EDIT - Let me also explain the difference between the $U(1)$ case and the $SU(3)$ case. $U(1)$ is an Abelian group so all of its representations are one-dimensional. To label the representation (aka electromagnetic charge) you therefore need just one number, $n$. Further since $U(1)$ is a compact group, we must also have $n \in {\mathbb Z}$.
On the other hand, $SU(3)$ is a non-abelian group so it has many $k$ dimensional representations for $k > 1$. Given an $k$ dimensional representation, states in that representation are labelled by $k$ numbers, $a_1,\cdots,a_k$.
A quark lives in the 3 dimensional fundamental representation so in general, we need 3 numbers to represent its state.

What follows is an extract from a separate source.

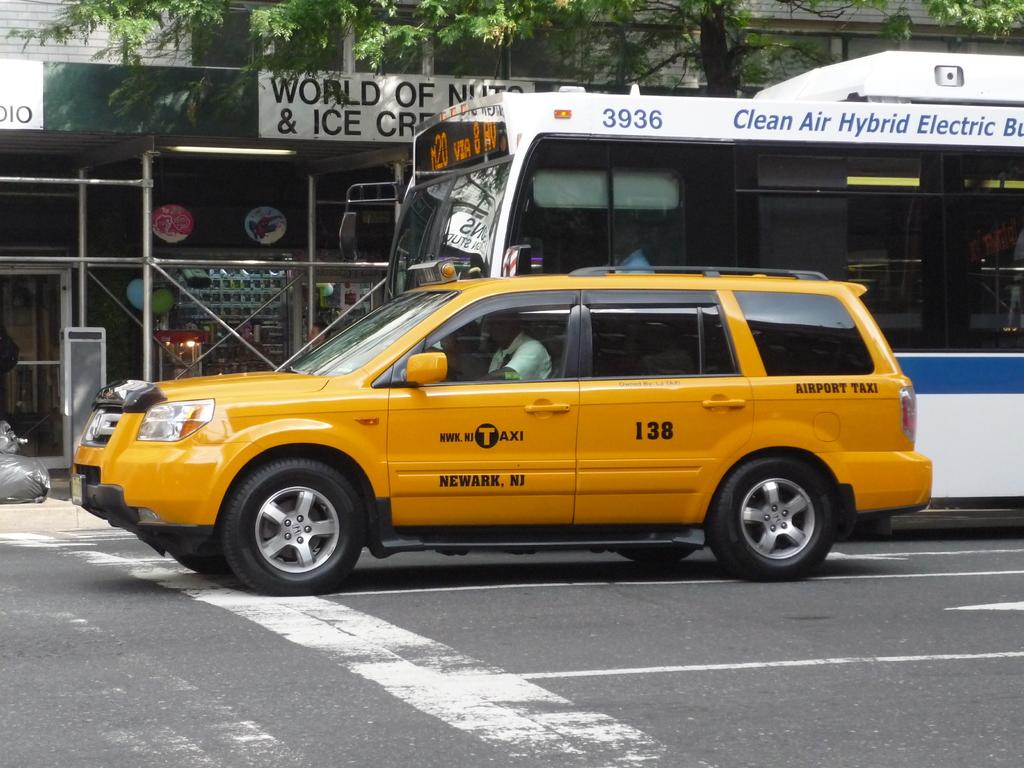<image>
Write a terse but informative summary of the picture. A taxi is sitting next to to a public bus on the street.

In general a quark state is of the form
$$
| q \rangle = a_1 | r \rangle + a_2 | g \rangle + a_3 | b \rangle
$$
When we say a quark is red, we mean it has labels $(a_1,a_2,a_3) = (1,0,0)$. Of course, a quark in general can be in any superposition of states.
A gluon is in the 8 dimensional adjoint representation so it is labelled in general by 8 numbers

EDIT 2: It looks like I have misunderstood OP's question. It seems they meant to ask the similarity (or difference) between the abelian and the non-abelian transformation laws.
In the Abelian case, the transformation law is
$$
\psi \to e^{ i \theta   n } \psi 
$$
Here, $\theta$ labels the parameter for the transformation and $n$ labels the representation under which $\psi$ transforms (aka its electric charge).
In the non-Abelian case, the transformation law is
$$
\psi \to e^{ i \theta^a T^a } \psi
$$
Here $\theta^a$ are the parameters for the transformation (analogous to $\theta$ in the $U(1)$ case) and the generators $T^a$ are the generators in the representation under which $\psi$ transforms (analogous to $n$ in the $U(1)$ case).
As an example, if the group is $SU(2)$ then

*

*If $\psi$ transforms in the trivial representation, then $T^a = 0$.

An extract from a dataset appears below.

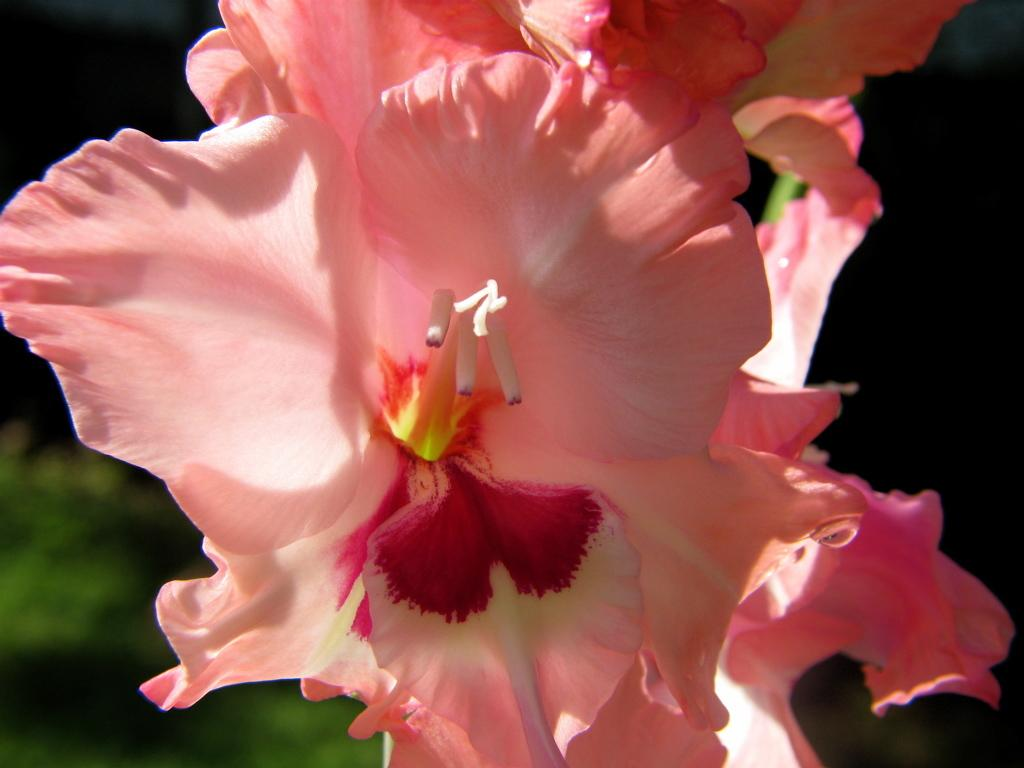What type of living organisms can be seen in the image? There are flowers in the image. Can you describe the background of the image? The background of the image is blurry. What type of pancake is being used to hold the flowers in the image? There is no pancake present in the image; the flowers are not being held by any object.

*If $\psi$ transforms in the fundamental representation, then $T^a = \frac{1}{2} \sigma^a$ where $\sigma^a$ are the Pauli matrices.

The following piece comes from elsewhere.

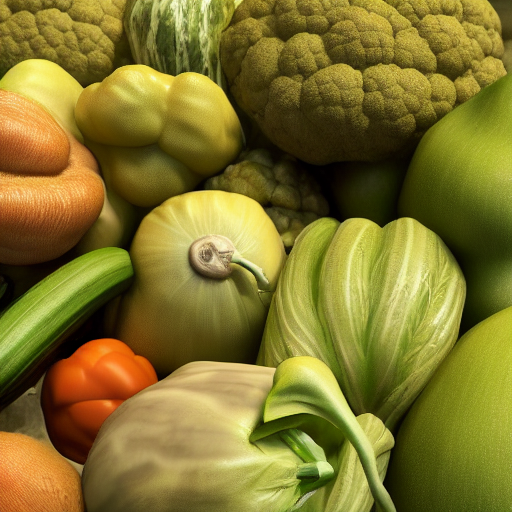How does the composition of this image inform us about the principles of healthy eating? The image, with its assortment of colorful vegetables, visually reinforces the principle of eating a variety of foods to obtain a range of nutrients. The diverse colors can be associated with different vitamins and minerals, promoting the idea that a colorful plate is a healthier plate.

*If $\psi$ transforms in the adjoint representation, then
$$
T^1 = \left(
\begin{array}{ccc}
 0 & 0 & 0 \\
 0 & 0 & -i \\
 0 & i & 0 \\
\end{array}
\right) , \qquad T^2 = \left(
\begin{array}{ccc}
 0 & 0 & i \\
 0 & 0 & 0 \\
 -i & 0 & 0 \\
\end{array}
\right) , \qquad T^3 = \left(
\begin{array}{ccc}
 0 & -i & 0 \\
 i & 0 & 0 \\
 0 & 0 & 0 \\
\end{array}
\right) . 
$$
One can similarly write down all the matrices for $SU(3)$ as well but it's longer so I won't bother here (see here).
To make my point once again - the ``charge'' of any particle always corresponds to its representation under the symmetry group. For the $U(1)$ group, representations are labelled by one integer $n$ so we call $n$ the electric charge. In the non-Abelian case, representations are not labelled by just one integer so the labelling is not so simple. In this case, we simply give a name to the representation. Using this language, we would say that the color charge of a quark is "fundamental" and the color charge of a gluon is "adjoint".
Within a representation, there are many states! Again, in $U(1)$ case representations are one-dimensional, so each representation contains just ONE (unique) state. Therefore, apart from the integer $n$ no other information is required to describe this state.
In the non-abelian case, representations are higher dimensional, so in order to describe the state of the particle, one needs more information than just its representation - we need to specify the exact vector. So the color charge of a quark is "fundamental" and its color charge state can be red, green, or blue (or superposition thereof).